WHAT THIS TASK INVOLVES
The copy should hold only the line containing "This screenshot has width=953, height=1232." and the lines after it through the end of the material, each exact, with no pictures.

◆ ◆ ◆ ◆

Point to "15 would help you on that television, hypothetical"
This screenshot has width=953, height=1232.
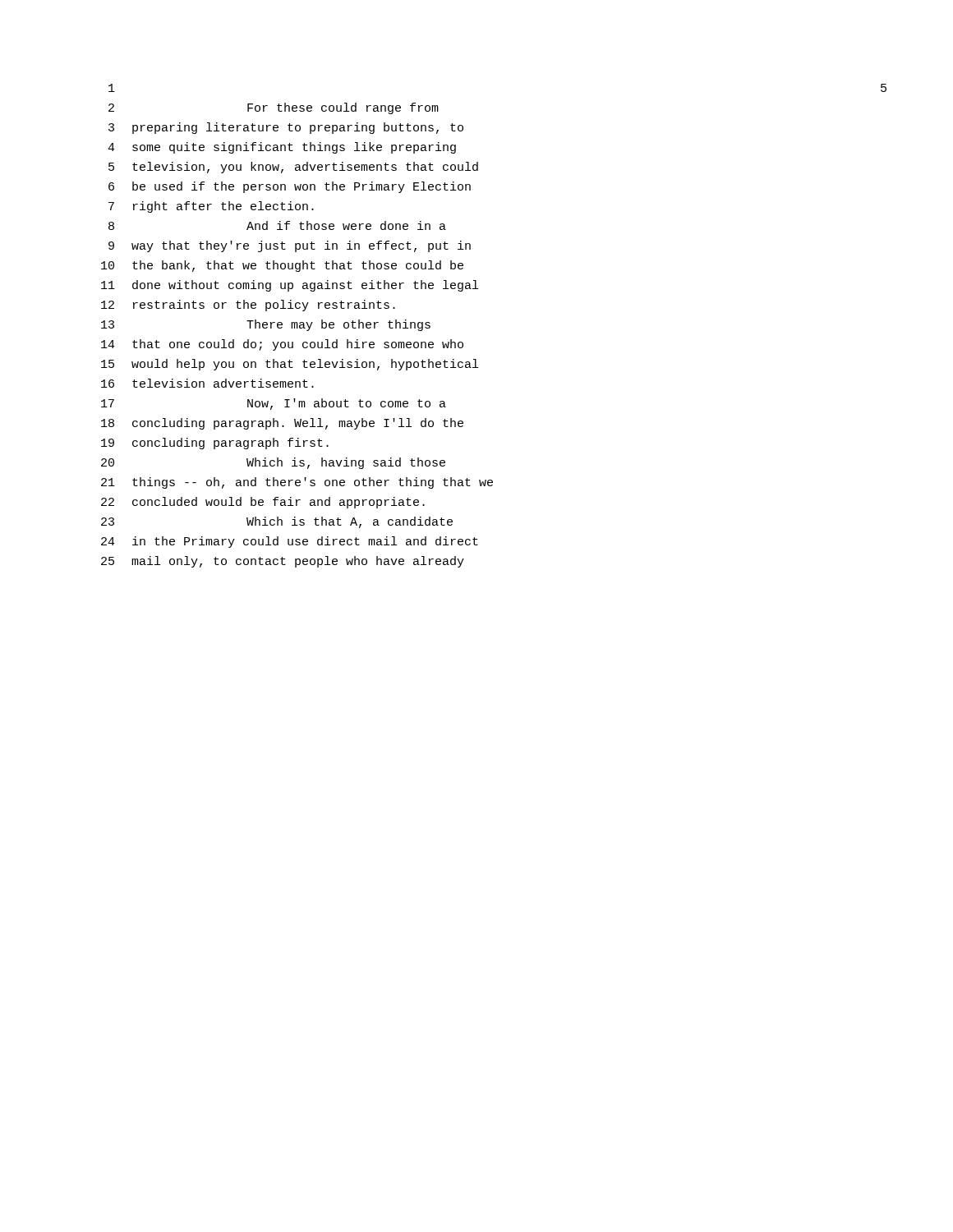pos(476,365)
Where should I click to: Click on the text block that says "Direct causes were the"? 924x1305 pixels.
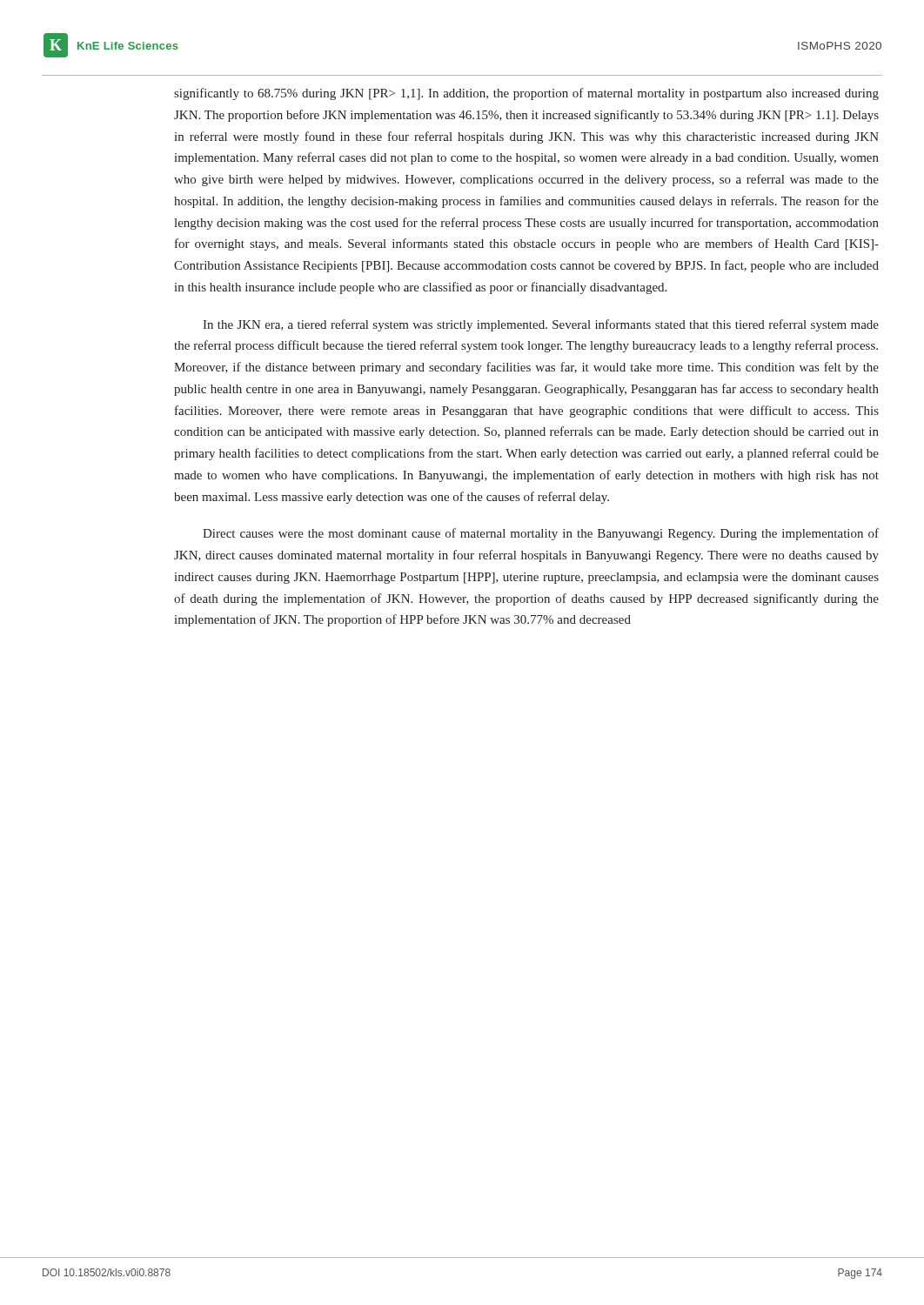526,577
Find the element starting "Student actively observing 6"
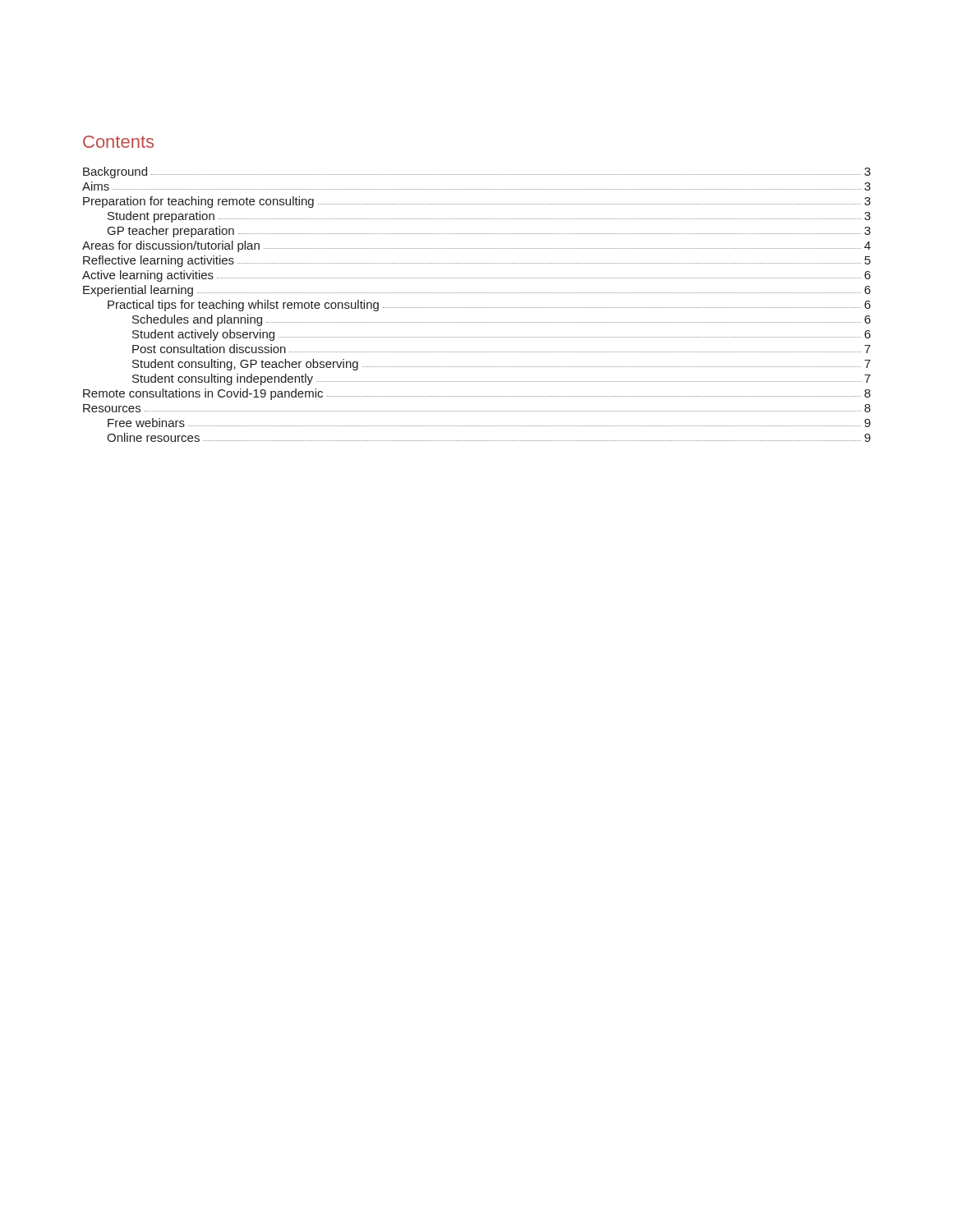The width and height of the screenshot is (953, 1232). click(476, 334)
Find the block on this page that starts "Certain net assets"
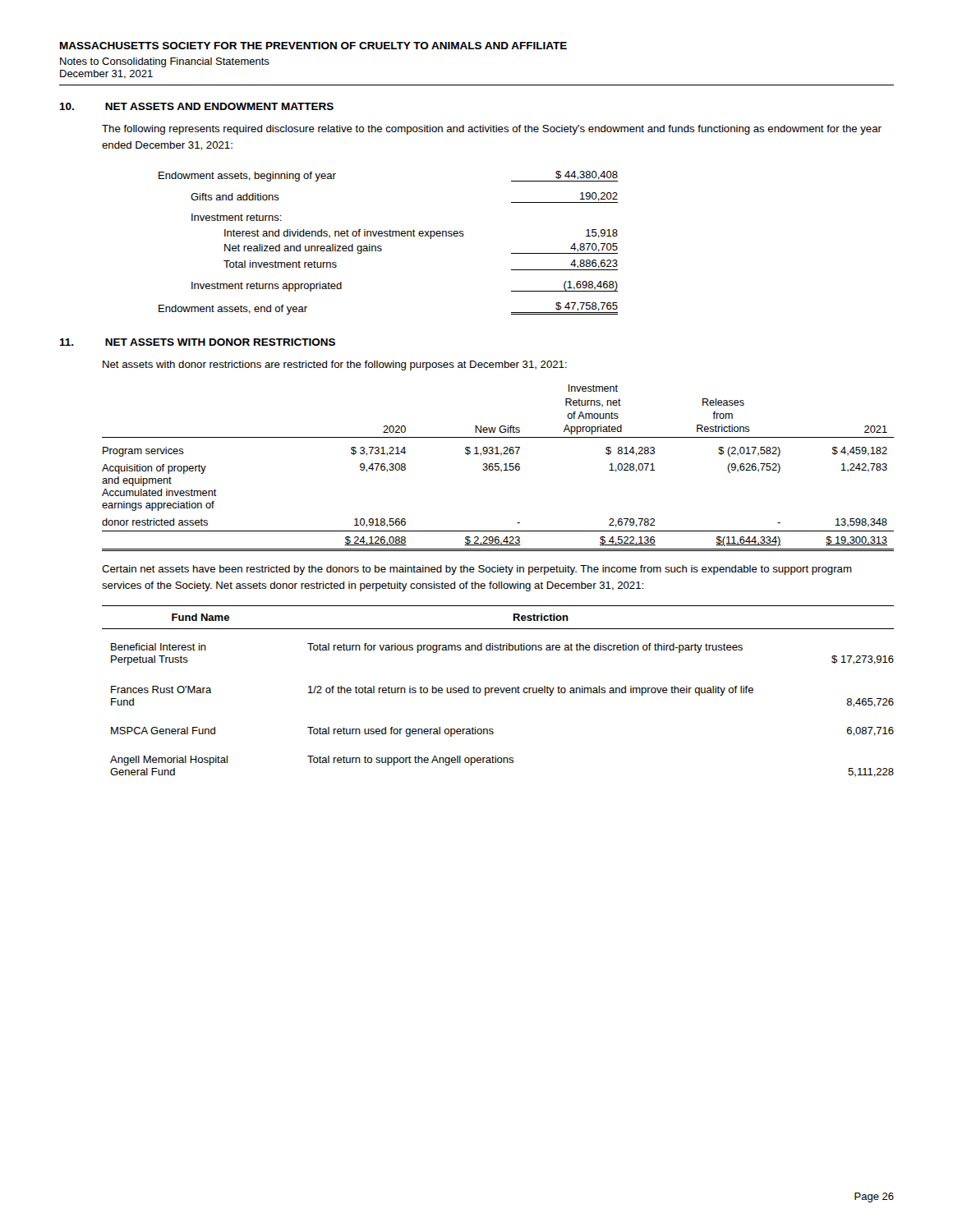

◆ ◆ ◆ ◆

EXERCISE ANSWER
This screenshot has width=953, height=1232.
pos(476,365)
Where should I click to: Click on the text block that says "Direct causes were the"? 924x1305 pixels.
526,577
Find the element starting "Student actively observing 6"
The width and height of the screenshot is (953, 1232). click(476, 334)
Find the block on this page that starts "Certain net assets"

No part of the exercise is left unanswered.